The collaboration: R&D built the ADR-driven skill matching pipeline using ESCO and O*NET as foundational knowledge, with AI models handling the semantic matching between candidates' free-text descriptions and structured skill frameworks. Product designed the transparent matching interface that shows recruiters exactly which skills were identified, how they map to the role requirements, and where gaps exist. Together, we created a feature that's both technically sophisticated and genuinely useful.
This kind of deep collaboration—where R&D's technical knowledge and Product's customer insight continuously inform each other—is what separates AI features that deliver value from AI features that just demonstrate capability.
Unit Economics and Sustainable Scaling
Here's a trap that catches many organisations: your AI feature succeeds, adoption grows, and your infrastructure costs grow faster than your revenue. Successful AI adoption can be economically unsustainable if you haven't planned for the unit economics of scale.
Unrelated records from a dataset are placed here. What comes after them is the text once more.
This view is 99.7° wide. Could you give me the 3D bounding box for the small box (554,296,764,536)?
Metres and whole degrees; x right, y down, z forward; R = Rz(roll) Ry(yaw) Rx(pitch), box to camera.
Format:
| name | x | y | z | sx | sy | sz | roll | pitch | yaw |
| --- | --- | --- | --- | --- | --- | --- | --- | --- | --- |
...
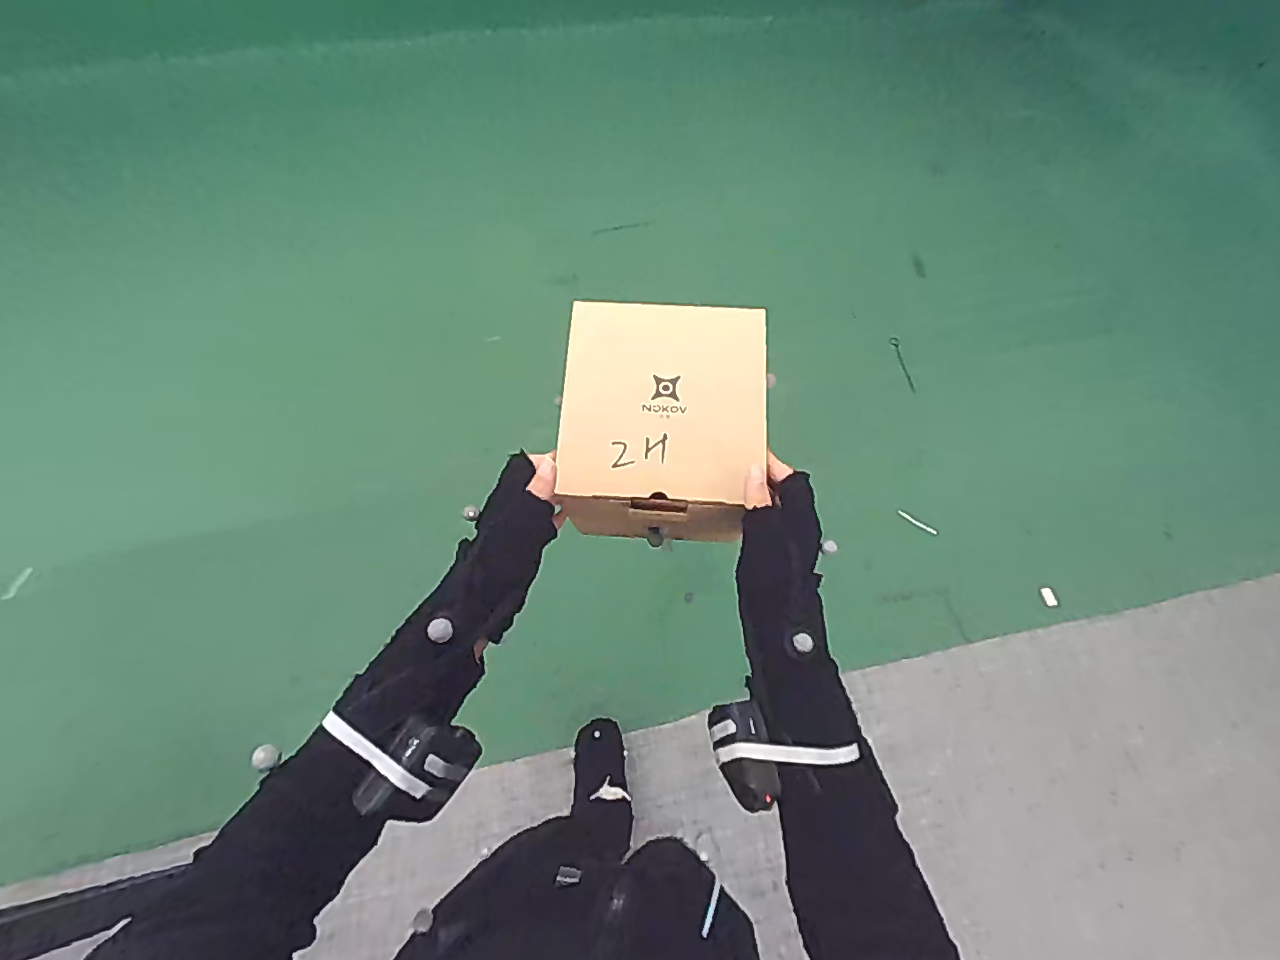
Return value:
| name | x | y | z | sx | sy | sz | roll | pitch | yaw |
| --- | --- | --- | --- | --- | --- | --- | --- | --- | --- |
| small box | 0.020 | -0.050 | 0.519 | 0.168 | 0.176 | 0.179 | 3 | 75 | 3 |

The scaling cost challenge:
AI features often have variable costs that scale with usage—more users means more inference requests, more tokens processed, more infrastructure consumed. Unlike traditional software where marginal cost per user is near zero, AI features can have meaningful marginal costs that compound as adoption grows.
How we manage this:
- Cost per interaction budgets: Every AI feature has a target cost per user interaction. If costs exceed this target, we investigate optimisation opportunities before scaling further.
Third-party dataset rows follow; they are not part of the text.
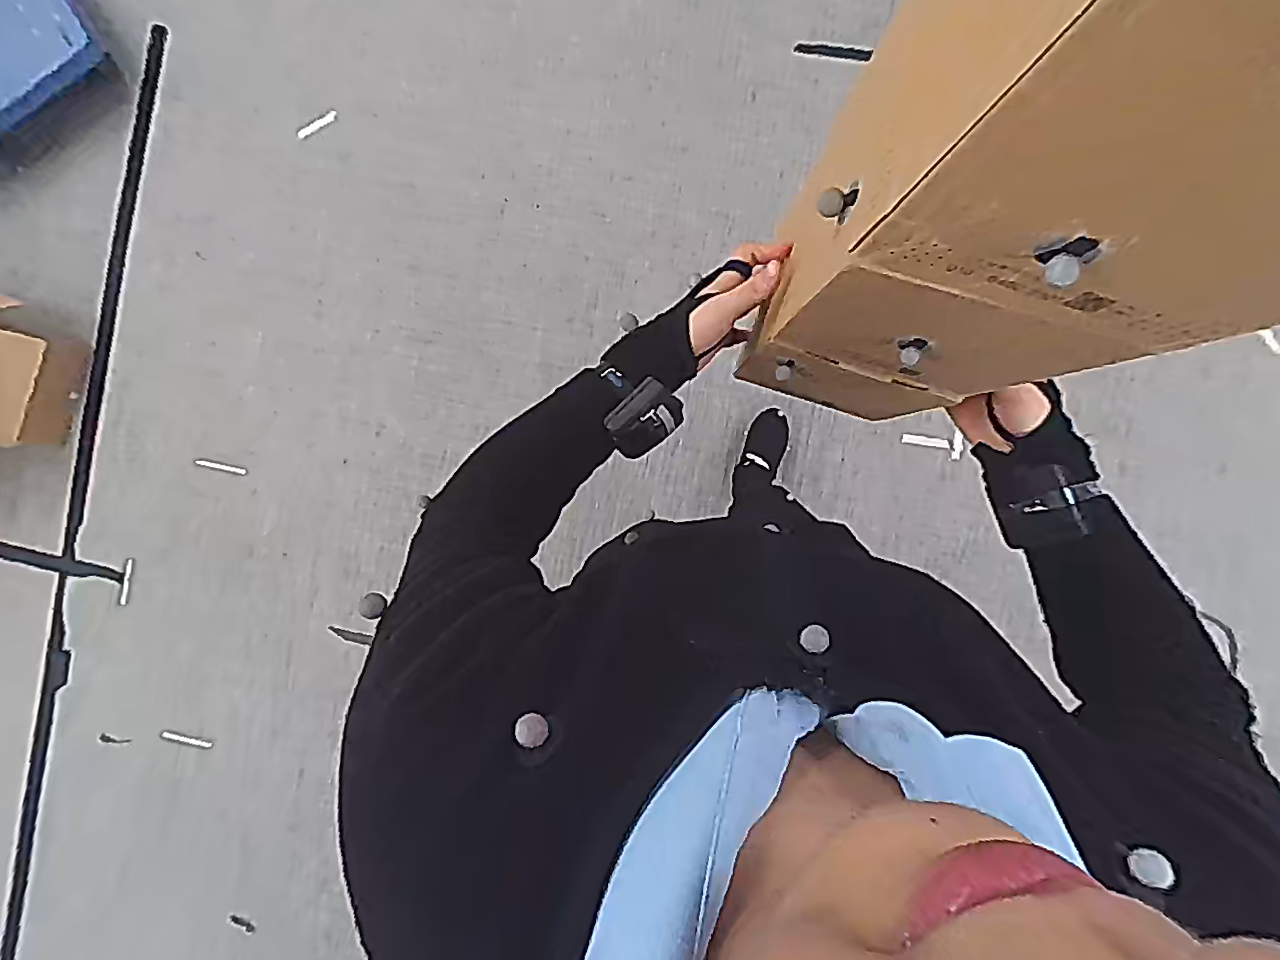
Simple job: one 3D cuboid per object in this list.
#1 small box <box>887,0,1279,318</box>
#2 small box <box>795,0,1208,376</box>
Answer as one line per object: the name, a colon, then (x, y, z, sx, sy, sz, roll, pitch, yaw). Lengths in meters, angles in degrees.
small box: (0.208, -0.176, 0.172, 0.168, 0.176, 0.179, 15, 91, 0)
small box: (0.212, -0.177, 0.335, 0.168, 0.176, 0.179, 16, 90, -1)

- Tiered model strategies: Not every user interaction needs a frontier model. We route requests based on complexity, using cost-effective models for straightforward tasks and reserving premium models for complex ones.
- Value-based prioritisation: Features that deliver measurable business value justify higher infrastructure costs. Features with uncertain value get tighter cost constraints until value is demonstrated.
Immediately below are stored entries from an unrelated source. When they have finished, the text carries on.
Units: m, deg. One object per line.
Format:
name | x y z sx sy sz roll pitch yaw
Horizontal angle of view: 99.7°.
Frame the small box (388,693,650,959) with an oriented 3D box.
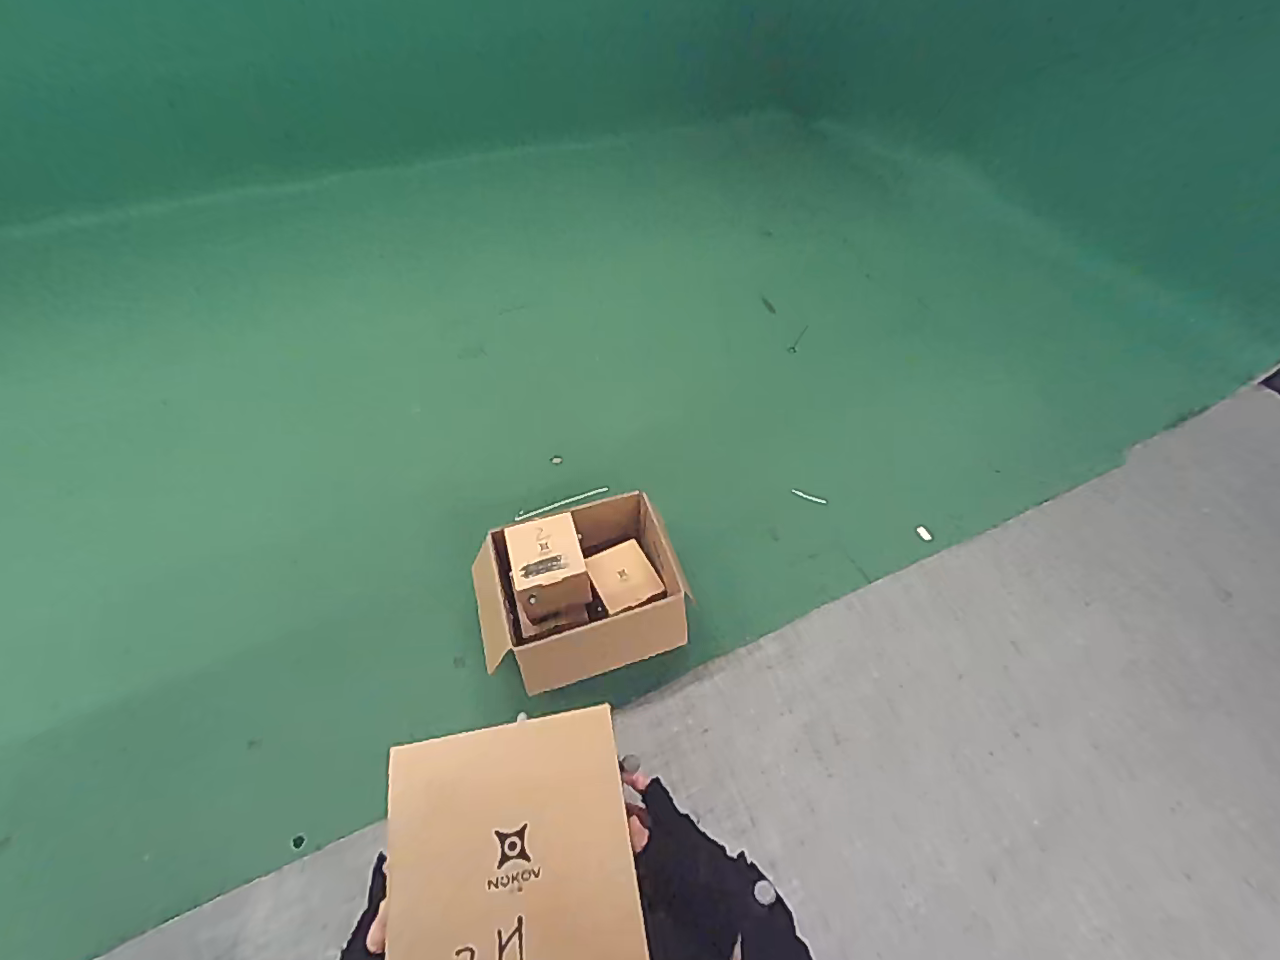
small box | -0.093 0.292 0.443 0.168 0.176 0.179 -8 62 -8

- Proactive capacity planning: We model infrastructure costs at 2x, 5x, and 10x current usage to understand the cost curve before scaling into it.
The conversation about unit economics needs to happen early—during roadmap planning, not after launch. R&D brings the cost modelling expertise; Product brings the revenue and value context. Together, you can ensure that features you're investing in are economically viable at the scale you're planning for.
Conclusion: Partnership as Strategy
The partnership between R&D and Product isn't a process improvement—it's a strategic capability. In a world where most organisations struggle to move AI beyond pilots, the ability to consistently deliver AI features that solve real customer problems at sustainable economics is a genuine competitive advantage.
This capability doesn't come from better models or more engineers. It comes from alignment: shared understanding of what success looks like, honest assessment of what's technically feasible, disciplined prioritisation based on business value, and continuous communication between the people who understand the technology and the people who understand the customer.
If you're an R&D leader building AI products, invest as much in your relationship with Product as you invest in your technical architecture. Build shared frameworks for decision-making. Create forums for honest conversation about uncertainty and risk. And remember that the goal isn't to build impressive AI—it's to build AI that makes your customers' lives better.
The roadmap that matters isn't the one with the most AI features. It's the one where every AI feature was built because a customer needed it, validated because the data supported it, and scaled because the economics sustained it. That roadmap only exists when R&D and Product build it together.